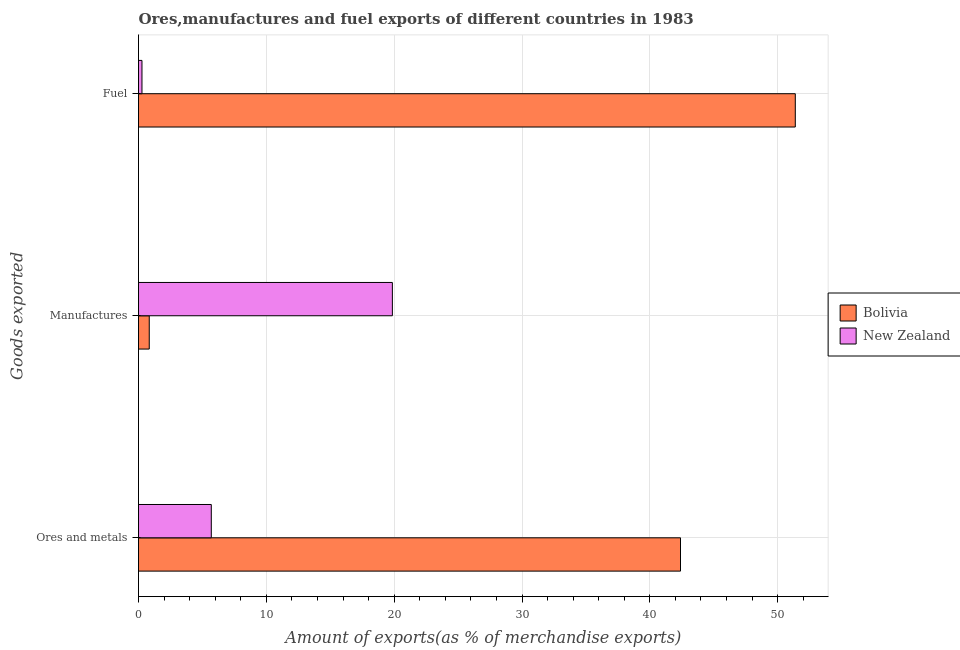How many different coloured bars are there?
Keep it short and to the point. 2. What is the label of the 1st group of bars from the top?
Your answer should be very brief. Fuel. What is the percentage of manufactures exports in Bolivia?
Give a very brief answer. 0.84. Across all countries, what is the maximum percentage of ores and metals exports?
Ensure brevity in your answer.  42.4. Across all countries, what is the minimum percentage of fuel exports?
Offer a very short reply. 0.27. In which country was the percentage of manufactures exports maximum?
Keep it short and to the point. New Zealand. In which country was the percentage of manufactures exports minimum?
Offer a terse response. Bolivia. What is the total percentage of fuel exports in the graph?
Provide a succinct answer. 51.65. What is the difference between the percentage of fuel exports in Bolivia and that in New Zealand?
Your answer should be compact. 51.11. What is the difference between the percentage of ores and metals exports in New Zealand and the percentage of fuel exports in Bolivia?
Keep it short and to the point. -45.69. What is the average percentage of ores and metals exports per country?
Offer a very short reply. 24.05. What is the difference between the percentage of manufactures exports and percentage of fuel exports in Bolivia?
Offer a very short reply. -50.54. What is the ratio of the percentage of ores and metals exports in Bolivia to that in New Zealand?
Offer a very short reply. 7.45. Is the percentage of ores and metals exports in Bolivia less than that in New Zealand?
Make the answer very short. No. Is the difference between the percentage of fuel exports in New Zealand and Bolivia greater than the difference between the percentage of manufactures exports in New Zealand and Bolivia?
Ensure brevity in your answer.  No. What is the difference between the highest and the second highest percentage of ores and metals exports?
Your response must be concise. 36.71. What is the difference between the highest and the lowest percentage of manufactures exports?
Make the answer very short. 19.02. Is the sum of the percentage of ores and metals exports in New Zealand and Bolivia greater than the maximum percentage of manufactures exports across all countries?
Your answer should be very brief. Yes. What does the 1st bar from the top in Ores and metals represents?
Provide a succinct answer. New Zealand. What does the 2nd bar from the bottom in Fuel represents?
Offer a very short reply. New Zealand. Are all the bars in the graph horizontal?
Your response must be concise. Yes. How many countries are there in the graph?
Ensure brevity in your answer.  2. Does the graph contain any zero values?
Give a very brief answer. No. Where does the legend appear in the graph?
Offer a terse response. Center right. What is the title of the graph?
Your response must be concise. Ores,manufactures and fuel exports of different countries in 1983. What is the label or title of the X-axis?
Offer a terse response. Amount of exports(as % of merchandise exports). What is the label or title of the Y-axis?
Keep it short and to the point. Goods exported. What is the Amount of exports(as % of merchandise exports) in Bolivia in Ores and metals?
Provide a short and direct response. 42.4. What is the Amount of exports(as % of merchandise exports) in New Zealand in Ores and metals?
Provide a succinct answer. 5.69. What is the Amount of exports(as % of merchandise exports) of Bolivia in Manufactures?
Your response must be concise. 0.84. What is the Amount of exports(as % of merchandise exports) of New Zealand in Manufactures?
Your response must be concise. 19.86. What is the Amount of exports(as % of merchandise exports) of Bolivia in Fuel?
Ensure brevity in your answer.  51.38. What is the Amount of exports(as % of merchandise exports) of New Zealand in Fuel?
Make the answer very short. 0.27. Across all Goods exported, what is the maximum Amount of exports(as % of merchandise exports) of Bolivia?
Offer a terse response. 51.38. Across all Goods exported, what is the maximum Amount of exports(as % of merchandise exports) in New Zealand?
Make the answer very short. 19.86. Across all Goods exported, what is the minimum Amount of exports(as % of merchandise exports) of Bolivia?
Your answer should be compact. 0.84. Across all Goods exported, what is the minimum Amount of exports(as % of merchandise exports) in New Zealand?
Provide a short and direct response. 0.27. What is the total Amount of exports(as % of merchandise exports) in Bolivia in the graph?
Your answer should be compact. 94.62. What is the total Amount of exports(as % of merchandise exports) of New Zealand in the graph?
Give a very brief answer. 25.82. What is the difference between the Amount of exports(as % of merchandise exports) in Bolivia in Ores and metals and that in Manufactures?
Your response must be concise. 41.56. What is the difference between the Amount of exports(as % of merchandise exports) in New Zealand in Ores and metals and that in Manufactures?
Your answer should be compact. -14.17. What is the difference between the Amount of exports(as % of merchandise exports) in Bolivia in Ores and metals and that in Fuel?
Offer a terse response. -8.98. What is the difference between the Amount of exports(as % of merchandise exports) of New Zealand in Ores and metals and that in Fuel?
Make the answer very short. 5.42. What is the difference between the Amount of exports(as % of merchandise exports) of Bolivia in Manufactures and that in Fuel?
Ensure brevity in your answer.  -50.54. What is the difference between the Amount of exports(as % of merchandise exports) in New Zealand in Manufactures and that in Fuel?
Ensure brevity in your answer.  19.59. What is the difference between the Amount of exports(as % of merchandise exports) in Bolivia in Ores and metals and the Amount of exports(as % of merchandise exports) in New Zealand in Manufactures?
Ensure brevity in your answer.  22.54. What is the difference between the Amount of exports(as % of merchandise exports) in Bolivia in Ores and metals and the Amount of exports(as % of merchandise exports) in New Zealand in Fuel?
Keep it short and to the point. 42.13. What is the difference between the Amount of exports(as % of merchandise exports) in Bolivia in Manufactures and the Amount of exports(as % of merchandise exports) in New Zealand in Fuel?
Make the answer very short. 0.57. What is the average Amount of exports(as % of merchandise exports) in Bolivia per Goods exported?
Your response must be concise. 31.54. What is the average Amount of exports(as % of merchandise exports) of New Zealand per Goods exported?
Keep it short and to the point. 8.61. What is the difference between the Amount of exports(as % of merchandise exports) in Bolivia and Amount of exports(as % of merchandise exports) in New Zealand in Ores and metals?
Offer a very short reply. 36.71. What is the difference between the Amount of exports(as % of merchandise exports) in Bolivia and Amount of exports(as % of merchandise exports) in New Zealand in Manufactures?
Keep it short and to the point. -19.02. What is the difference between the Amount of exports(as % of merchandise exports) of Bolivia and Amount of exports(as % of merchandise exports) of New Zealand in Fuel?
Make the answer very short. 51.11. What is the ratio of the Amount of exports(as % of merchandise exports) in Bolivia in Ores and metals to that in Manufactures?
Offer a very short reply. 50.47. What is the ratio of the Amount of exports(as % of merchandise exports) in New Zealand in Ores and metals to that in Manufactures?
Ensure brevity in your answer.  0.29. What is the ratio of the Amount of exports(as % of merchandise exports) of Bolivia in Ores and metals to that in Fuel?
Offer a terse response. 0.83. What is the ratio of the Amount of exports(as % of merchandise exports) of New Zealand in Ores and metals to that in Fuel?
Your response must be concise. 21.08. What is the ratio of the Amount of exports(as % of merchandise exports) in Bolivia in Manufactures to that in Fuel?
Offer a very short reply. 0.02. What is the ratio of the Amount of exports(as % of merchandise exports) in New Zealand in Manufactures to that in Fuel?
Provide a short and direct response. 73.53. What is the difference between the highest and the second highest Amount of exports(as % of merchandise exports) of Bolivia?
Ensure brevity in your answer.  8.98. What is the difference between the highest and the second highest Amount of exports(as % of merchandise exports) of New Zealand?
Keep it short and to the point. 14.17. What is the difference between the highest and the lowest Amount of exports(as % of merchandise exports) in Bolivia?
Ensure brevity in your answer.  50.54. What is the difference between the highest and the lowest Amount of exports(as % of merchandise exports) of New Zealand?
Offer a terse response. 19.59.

TASK
Nothing but an exact copy belongs in the answer: the lines from the top of the records through the line containing "highest percentage of ores and metals exports?", minus the pictures.

FINAL ANSWER
How many different coloured bars are there?
Keep it short and to the point. 2. What is the label of the 1st group of bars from the top?
Your answer should be very brief. Fuel. What is the percentage of manufactures exports in Bolivia?
Give a very brief answer. 0.84. Across all countries, what is the maximum percentage of ores and metals exports?
Ensure brevity in your answer.  42.4. Across all countries, what is the minimum percentage of fuel exports?
Offer a very short reply. 0.27. In which country was the percentage of manufactures exports maximum?
Keep it short and to the point. New Zealand. In which country was the percentage of manufactures exports minimum?
Offer a terse response. Bolivia. What is the total percentage of fuel exports in the graph?
Provide a succinct answer. 51.65. What is the difference between the percentage of fuel exports in Bolivia and that in New Zealand?
Your answer should be compact. 51.11. What is the difference between the percentage of ores and metals exports in New Zealand and the percentage of fuel exports in Bolivia?
Keep it short and to the point. -45.69. What is the average percentage of ores and metals exports per country?
Offer a very short reply. 24.05. What is the difference between the percentage of manufactures exports and percentage of fuel exports in Bolivia?
Offer a very short reply. -50.54. What is the ratio of the percentage of ores and metals exports in Bolivia to that in New Zealand?
Offer a very short reply. 7.45. Is the percentage of ores and metals exports in Bolivia less than that in New Zealand?
Make the answer very short. No. Is the difference between the percentage of fuel exports in New Zealand and Bolivia greater than the difference between the percentage of manufactures exports in New Zealand and Bolivia?
Ensure brevity in your answer.  No. What is the difference between the highest and the second highest percentage of ores and metals exports?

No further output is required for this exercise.